Когда поезд уже тронулся, я спрыгнул с подножки, достал из кармана гимнастерки часы военфельдшера, сунул их в руку Полине.
— Чьи это?
— Мои. Я все тебе потом напишу. Обязательно сохрани их...
...Мы стоим на станции Агрыз, все пути забиты эшелонами, идущими в противоположных направлениях. Одни — на запад, другие — на восток. В первых — части, направляющиеся на фронт, во вторых — раненые.
Мимо нашего состава идет немолодой солдатик с острым личиком и оттопыренными ушами. Он держит в руках котелки с водой и у каждого вагона кричит:
— Пята рота, третий взвод. Пята рота, третий взвод...
Тельному он, видимо, надоел. Игнат сплевывает на залитый мазутом песок, говорит солдатику:
— Здесь «пята рота, третий взвод». Чего тебе?
Солдатик останавливается, недоверчиво оглядывает Тельного, но все-таки спрашивает:
— А товарищ командир кто?
— Я — «товарищ командир».
— Да пошел ты, олух, — говорит солдатик и вновь шагает вдоль эшелона, загребая песок рыжими носками ботинок. — Пята рота, третий взвод...
— Что, схлопотал, Игнат? — хохочет, выглядывая в люк вагона, Кузнецов.
— Не будь он таким дохлым, я бы вмазал ему, — говорит Тельный. — Ходят тут всякие, надоедают, а на душе и без них кошки скребут.
К нашему вагону приближается хромой смазчик в замасленной спецовке.

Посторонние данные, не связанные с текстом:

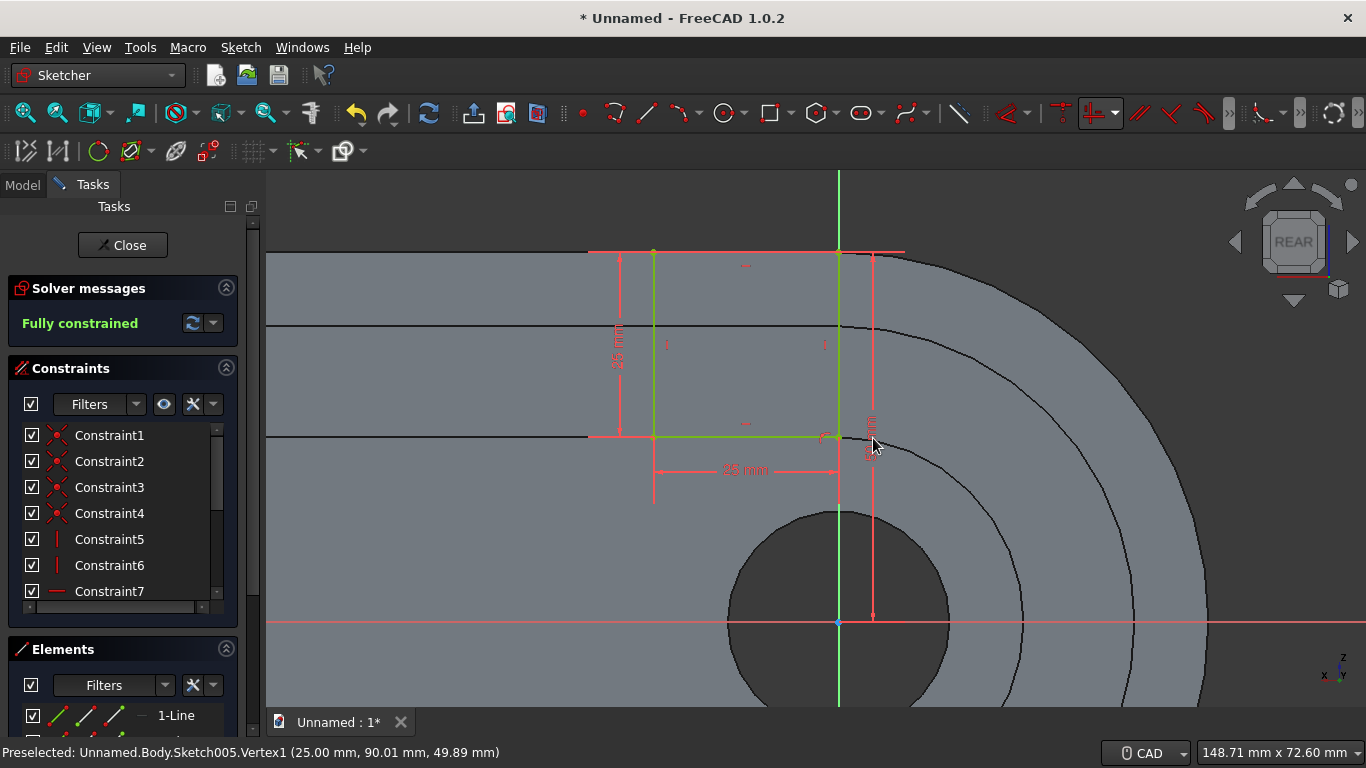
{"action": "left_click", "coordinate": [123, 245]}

Подходя к очередной вагонной тележке, он стучит молотком по колесам, заглядывает в лючки буксов, сует в них острогорлую масленку.
— «Сорок» никто не оставит, братья славяне? — спрашивает он.
— Все «шестьдесят» дам, если скажешь, куда нас везут, — отвечает ему кто-то из вагона.
— Куда везут, скажу точно. Только, чур, не выдавать меня: на фронт вас везут...
В вагоне хохочут. Ефрейтор, стоявший рядом с железнодорожником, хлопает его по плечу, протягивает окурок. Это и есть «сорок».
— Умно ответил, дядя. Теперь второй вопрос: на какой фронт?
— И на это ответить могем. Если вас отсюда потянут на Киров, Вологду, значит, вам выпал север. Если на Казань, то можете получше угодить: на белорусские или украинские фронта. А, впрочем, куда бы ни везли — все равно не по малину едете. Спасибо за табачок, служивый.
Нет, нас не повезли к генералу Рокоссовскому. Помахали нам облезлыми «руками» семафоры в Кирове, Ярославле, Бологом, и в конце июля мы уже разгружались где-то вблизи Великих Лук, на многострадальной великолукской земле, год назад освобожденной от врага.
У товарного вагона, служившего вокзалом маленькой станции, нас встречали ребятишки, одетые кто во что попало. На одних были наши гимнастерки с засученными рукавами, на других — немецкие мундиры без пуговиц, накинутые, как халаты, на остренькие мальчишечьи плечи.